The end point of this study was the occurrence of a DDI between 2 drugs (ARV/ARV or ARV/non-ARV) in 2016. Any potential interaction was identified when an ARV drug was delivered between the first and the last delivery date of another drug (ARV or non-ARV). Pro re nata (PRN) drugs were included as comedications, as the SNIIRAM database does not distinguish PRN and non-PRN prescriptions. We assumed PRN drugs were taken following the prescription. Next, this interaction was considered a DDI if it yielded a “Do Not Co-administer” statement (including an “empty” red symbol), according to the University of Liverpool website (www.hiv-druginteractions.org/checker). For fixed-combination products, each active substance was screened separately. For DDIs with lidocaine, dexamethasone, or ketoconazole, only the systemic use of these drugs was included. For more details about the SAS code used to identify DDIs, please see the Appendix. We also estimated the annual cost attributable to DDIs, defined as all reimbursed health care acts recorded in the SNIIRAM during 2016. All costs estimated in euros were converted to US dollars (1€ = $1.2064 USD at February 1, 2018). In a sensitivity analysis, we deducted the annual costs of ARVs. The rationale was to test our hypothesis that increased health care costs associated with DDI were more likely to be attributable to DDI-associated morbidity (ie, lab, consultations, and hospitalization) than to be attributable to DDI-associated higher cost of ARVs.

Statistical Analysis Plan

The characteristics of the studied population were described as number (percentage) for qualitative variables and mean (±SD) or median (interquartile range) for quantitative variables, as appropriate. To compare the groups with or without DDI, we used the Fisher exact or chi-square test for qualitative variables and the Student t or Wilcoxon test for quantitative variables, as appropriate.

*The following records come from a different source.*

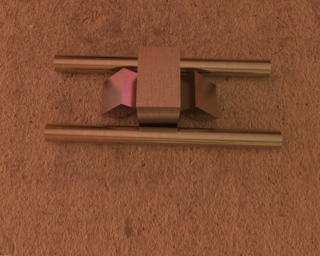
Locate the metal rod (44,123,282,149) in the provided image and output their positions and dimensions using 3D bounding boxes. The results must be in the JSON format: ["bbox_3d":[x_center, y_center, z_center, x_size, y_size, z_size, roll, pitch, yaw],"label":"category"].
[{"bbox_3d":[0.004,0.011,0.405,0.302,0.025,0.025,2,70,0],"label":"metal rod"}]

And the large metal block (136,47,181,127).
[{"bbox_3d":[-0.002,-0.048,0.400,0.050,0.080,0.080,1,70,0],"label":"large metal block"}]

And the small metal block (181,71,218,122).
[{"bbox_3d":[0.051,-0.040,0.410,0.025,0.050,0.050,-17,64,39],"label":"small metal block"}]

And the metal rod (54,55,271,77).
[{"bbox_3d":[0.004,-0.088,0.442,0.302,0.025,0.025,1,70,0],"label":"metal rod"}]

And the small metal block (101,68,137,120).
[{"bbox_3d":[-0.053,-0.044,0.410,0.025,0.050,0.050,16,65,-37],"label":"small metal block"}]

The cumulative 1-year incidence of at least 1 DDI was computed with the patient as the statistical unit, with its corresponding 95% confidence interval. The incidence of DDIs per each ARV drug and its 95% confidence interval were estimated by Poisson regression. We used a stepwise multivariate logistic regression model with a P value <.05 to enter and stay in the model to identify independent risk factors for cART prescription and for experiencing at least 1 DDI.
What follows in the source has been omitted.